В конце ноября 1897 года он получил письмо: «Ах! Что скажешь, когда кто-то несколькими словами затрагивает в нас струну, которая потом долго-долго вибрирует? И тогда все время оборачиваешься и прислушиваешься к этому глубокому звуку, исполненному мистического очарования. Это состояние настолько трудноуловимо, его природу трудно постичь… Может быть, поэт лишь пожмет плечами на письмо молодой девушки, давшей ему руку и замолчавшей?» Внизу стояли подпись некой Елены Войт и вчерашнее число, письмо было отправлено из северной области Мариенгофф. Четыре дня листок оставался на столе Гессе. Четыре дня он размышлял над ответом, живость которого удивляет: «Моя глубокоуважаемая мадемуазель, большое спасибо! Я сидел, устав от работы, рядом со своим другом. Это неизвестный артист, он играл для меня на скрипке старинный и простой гавот, а я думал о вас, то есть о тех немногих, которых я хочу видеть своими читателями…» Потом прорывается болезненная нотка: «Я так мало привык к дружбе и к милостям. Ваше письмо доставило мне радость». И рассудительно: «Я шлю вам привет, вам и Северу. Я прибалт по крови и люблю Север, его пейзажи и его людей. Подумайте обо мне, слушая Шопена — „Баркароллу оп. 60“ или „Ноктюрн оп. 62“».
Кто была эта таинственная корреспондентка, не постеснявшаяся позвонить в «Фуае дю поэт», чтобы узнать адрес Гессе, и в волнении писавшая уверенным почерком на дорогой бумаге, источавшей едва уловимый аромат духов?
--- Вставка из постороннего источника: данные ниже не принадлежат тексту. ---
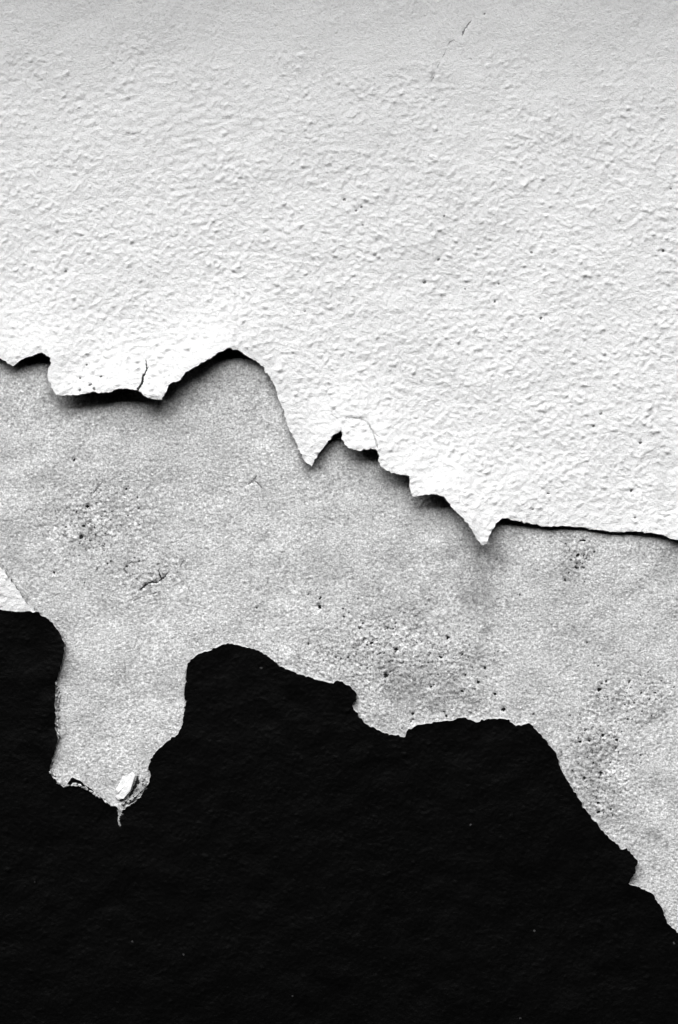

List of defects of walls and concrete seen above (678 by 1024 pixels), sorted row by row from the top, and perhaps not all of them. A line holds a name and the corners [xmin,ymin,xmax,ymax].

crack [137,360,149,391]
peeling [0,348,678,944]
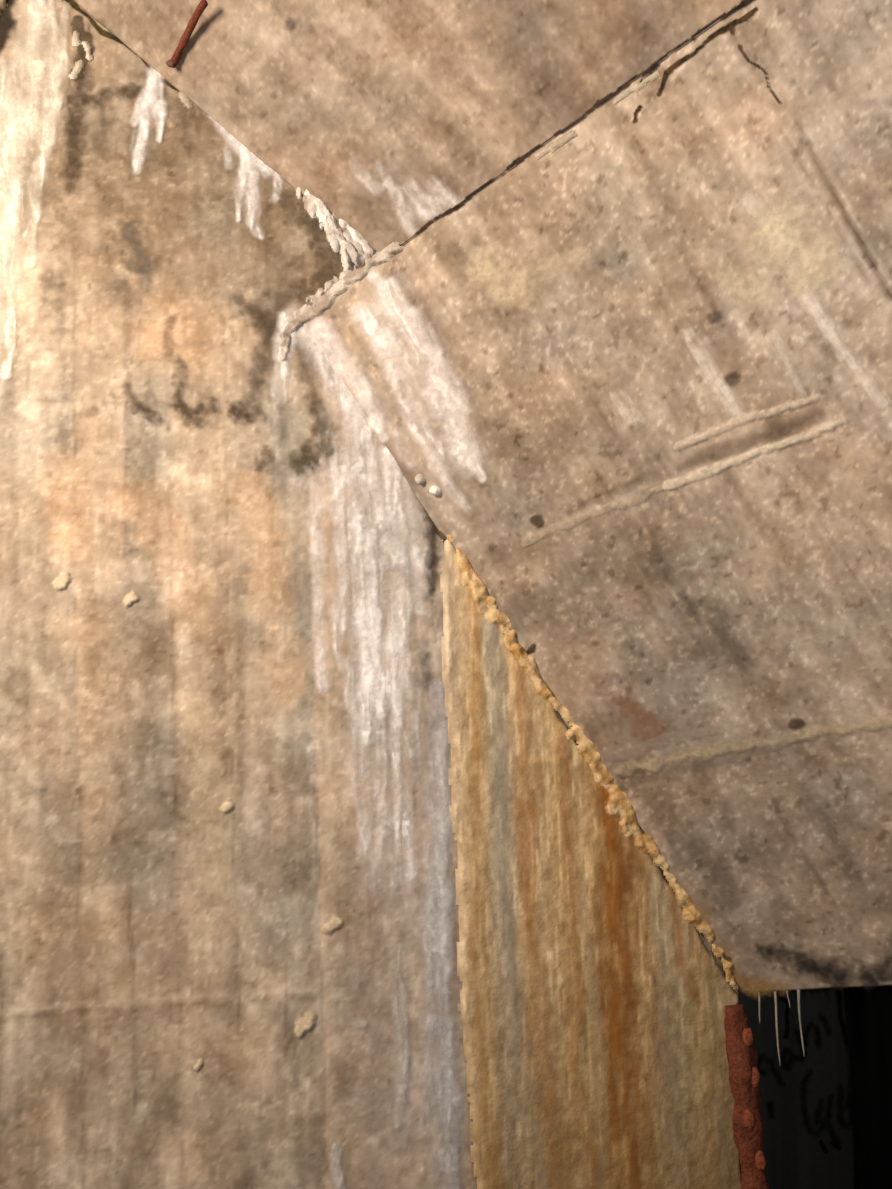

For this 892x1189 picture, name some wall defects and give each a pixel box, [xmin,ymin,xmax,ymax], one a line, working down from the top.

crack [59,0,194,109]
damp [0,0,68,288]
damp [123,70,165,170]
crack [399,0,780,246]
damp [1,307,15,379]
damp [173,398,203,419]
damp [221,126,485,888]
damp [424,722,452,997]
rust [599,786,634,1128]
rust [742,1028,753,1047]
rust [751,1067,760,1088]
rust [755,1150,766,1171]

Молодая и богатая фермерша из области Шлезвиг-Хольстен, расположенной на границе с Данмарком, жила в одном из почти островков на суше, окруженных живой изгородью, которую крестьяне сажали, чтобы защититься от сильных ветров. Она родилась среди дубовых посадок, сменяющих друг друга приливов и отливов, близ обнажающихся пространств песка со следами морской соли. Ее детство протекло между пахотой и сенокосом в обществе четырех братьев и сестер в деревнях с каменными церквями и в тени лесов с разбросанными по ним средневековыми замками. Воспламененная гордостью за свои родные земли, она написала сборник новелл под названием «Жители Шлезвиг-Хольстена» и в двадцать лет снискала свой первый литературный успех.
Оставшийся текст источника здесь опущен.